Now they are the targets of attacks that are carefully researched and crafted
to target their particular vulnerabilities, and in many cases actual specific
employees or users.

So most companies are playing catch up. First, they are having to learn much
more about the details of the full stack of their technology, from the
hardware firmware through the OS, applications, local networking, and
internetworking. It's no longer enough to trust vendors, which for years was
the corporate way.

Second, to speed this up, they are trying to figure out how they can learn
from each other, from security experts, and from the government without
triggering all sorts of legal consequences like shareholder lawsuits,
antitrust investigations, privacy lawsuits, etc.

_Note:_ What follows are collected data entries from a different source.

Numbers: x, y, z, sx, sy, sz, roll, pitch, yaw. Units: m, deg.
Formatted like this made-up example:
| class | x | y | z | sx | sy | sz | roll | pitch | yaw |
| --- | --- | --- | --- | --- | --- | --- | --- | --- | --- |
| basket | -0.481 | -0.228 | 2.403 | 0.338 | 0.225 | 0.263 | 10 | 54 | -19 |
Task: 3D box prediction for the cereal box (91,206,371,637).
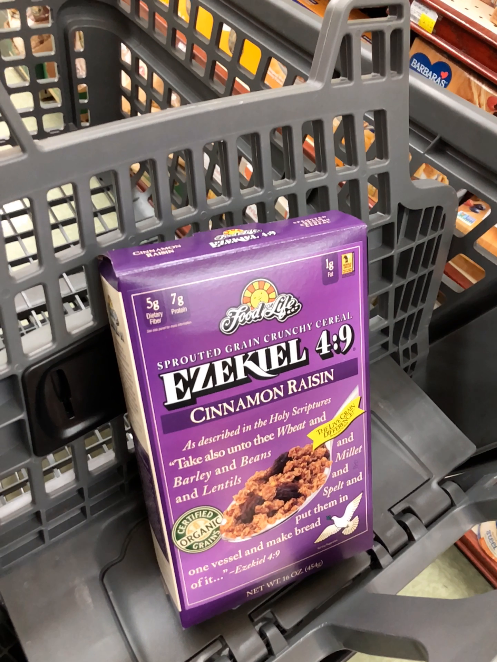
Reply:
| class | x | y | z | sx | sy | sz | roll | pitch | yaw |
| --- | --- | --- | --- | --- | --- | --- | --- | --- | --- |
| cereal box | 0.000 | 0.057 | 0.365 | 0.150 | 0.250 | 0.060 | -15 | 23 | -22 |

This is where the desire for bills like CISPA comes from--to simplify what
appears to them to be a legal minefield. The feeling is that the bad guys can
all freely share threat info with one another, but corporate security teams
are legally limited in how they can share info about vulnerabilities and
defense.

------
ktizo
_The 2010 revelation that U.S. cyberwarriors could turn a computer into a
"brick" stemmed from research into a design flaw in U.S. computers, according
to several sources. It was determined that an adversary could conceivably
update computer firmware — the low-level software that dictates how the
hardware works — to make the machine useless._

And this is considered a revelation? In 2010?

In that case, the standard of what constitutes a revelation has definitely
slipped over the years.

I love the _design flaw in U.S. computers_ bit as well, because U.S. computers
are obviously so very different from the other foreign kinds of computer. You
know, the ones without updatable firmware, or something.